Не потому ли и шли партизаны вольно? Не потому ли и Каргин, шагавший в середине походной колонны, сейчас думал о самом постороннем? О том, что если бы ему дали большую власть, то он перво-наперво удалил бы из всех партизанских отрядов девах. Особенно тех, которые заманивающую внешность имеют. Таких, как Мария Верба. Чтобы смуту в мужицкие сердца не вносили. Или партизаны не человеки?
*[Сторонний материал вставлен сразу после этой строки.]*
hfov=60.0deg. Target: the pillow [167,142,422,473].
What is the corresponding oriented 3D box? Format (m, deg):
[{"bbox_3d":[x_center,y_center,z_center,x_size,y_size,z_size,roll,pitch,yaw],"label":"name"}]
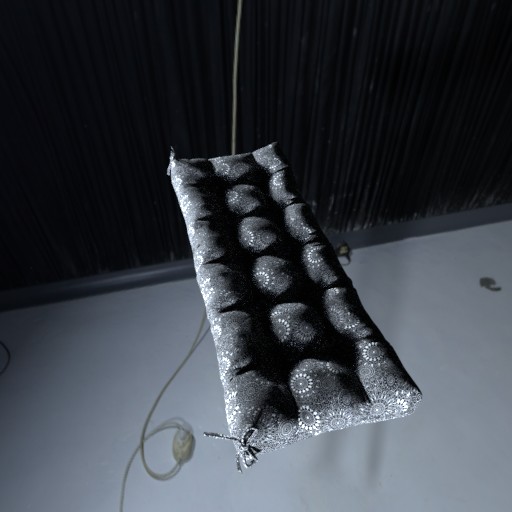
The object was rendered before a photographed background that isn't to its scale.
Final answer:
[{"bbox_3d":[0.000,0.000,1.365,0.511,0.174,1.194,-11,47,-11],"label":"pillow"}]
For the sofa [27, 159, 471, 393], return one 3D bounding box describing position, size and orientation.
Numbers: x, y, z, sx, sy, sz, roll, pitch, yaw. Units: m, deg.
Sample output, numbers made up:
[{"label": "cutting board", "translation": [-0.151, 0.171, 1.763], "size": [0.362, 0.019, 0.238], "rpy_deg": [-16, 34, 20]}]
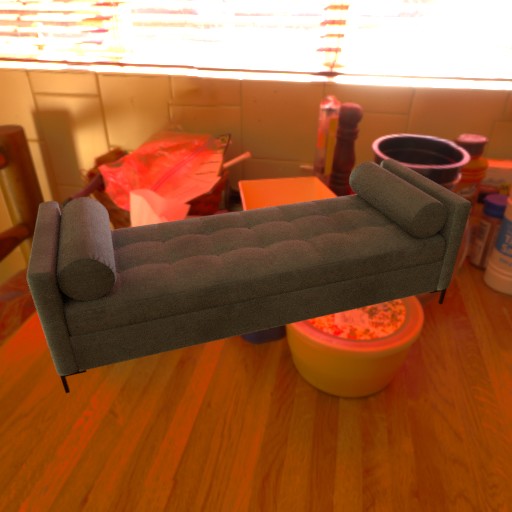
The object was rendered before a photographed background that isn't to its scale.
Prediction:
[{"label": "sofa", "translation": [0.000, 0.000, 2.291], "size": [1.981, 0.635, 0.686], "rpy_deg": [-10, 33, -16]}]
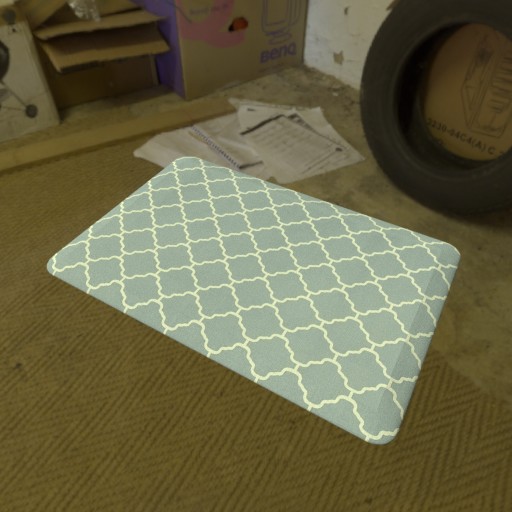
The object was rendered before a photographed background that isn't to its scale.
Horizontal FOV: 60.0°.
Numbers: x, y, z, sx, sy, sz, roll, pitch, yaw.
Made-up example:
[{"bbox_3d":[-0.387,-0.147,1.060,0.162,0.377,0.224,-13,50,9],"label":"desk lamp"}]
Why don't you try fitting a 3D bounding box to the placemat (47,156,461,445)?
[{"bbox_3d":[0.000,0.000,0.948,0.762,0.021,0.508,22,49,21],"label":"placemat"}]
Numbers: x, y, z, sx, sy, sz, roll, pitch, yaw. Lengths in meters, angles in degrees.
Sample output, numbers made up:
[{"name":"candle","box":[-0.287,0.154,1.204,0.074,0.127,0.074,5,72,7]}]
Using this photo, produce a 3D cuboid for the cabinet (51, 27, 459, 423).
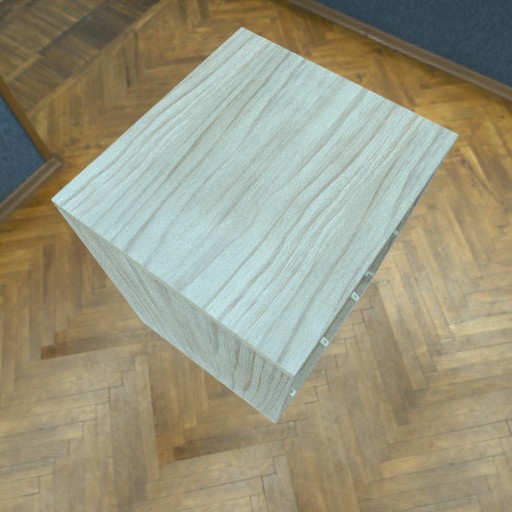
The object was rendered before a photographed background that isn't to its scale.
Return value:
[{"name":"cabinet","box":[0.000,0.000,0.856,0.401,0.579,0.409,33,69,15]}]
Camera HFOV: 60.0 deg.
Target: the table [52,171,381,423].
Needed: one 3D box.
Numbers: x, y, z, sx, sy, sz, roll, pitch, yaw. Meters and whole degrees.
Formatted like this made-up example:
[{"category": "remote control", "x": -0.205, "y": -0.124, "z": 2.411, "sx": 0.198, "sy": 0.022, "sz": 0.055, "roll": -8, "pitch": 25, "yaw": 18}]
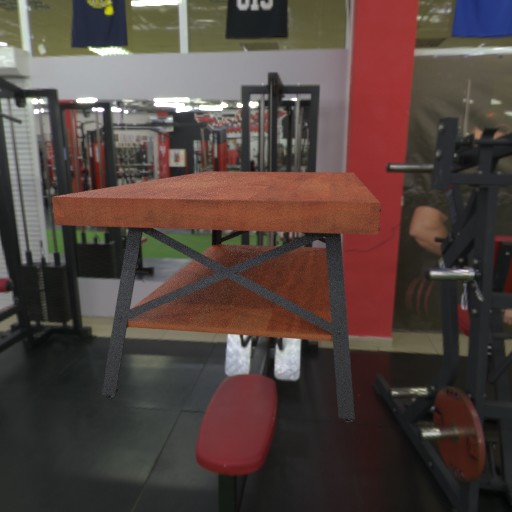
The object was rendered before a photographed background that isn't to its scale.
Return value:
[{"category": "table", "x": 0.000, "y": 0.000, "z": 1.358, "sx": 0.610, "sy": 0.457, "sz": 1.067, "roll": 2, "pitch": 14, "yaw": 9}]

Или их не тянет на эту самую любовь? Ведь только соберутся вечерком у костра, когда день нормально пройдет, сразу про нее и заноют. И если верить тем песням, она и такая, и этакая, самая распрекрасная, самая желанная! Будто бы и жить без нее вовсе безрадостно!
Что касается лично его, Ивана Каргина, то у него своя точка зрения на любовь.
Она, любовь, конечно, нужна. Но опять же когда? В мирной жизни она во как надобна. А сейчас, когда тебя в самую неожиданную минуту вражеская пуля настичь может, на что любовью душу себе рвать?
Нет, что вы там ни говорите, а он, Каргин, будь дана ему большая власть, всех смазливых девах на сто верст удалил бы от партизанских отрядов!..
Григорий, шагавший с разведчиками впереди роты, догнал Юрку и сказал ему, понизив голос до шепота:
— Глянь, а они у тебя вовсе ходить не умеют!
Юрка, заподозрив подначку, зло глянул на Григория. Но в глазах того было лишь удивление, и тогда Юрка остановился, пропустил мимо себя всех разведчиков. Потом гневно скомандовал:
— Разведка… стой!
Разведчики остановились, сгрудились, повернулись к нему.
Юрка не подошел — подкрался к ним. С минуту или чуть больше томил молчанием, прежде чем сказать:
— Я-то думал, что разведчиками командую, а на поверку иное вышло. — И то ли пренебрежительно, то ли разочарованно махнул рукой: — Вы даже ходить не умеете!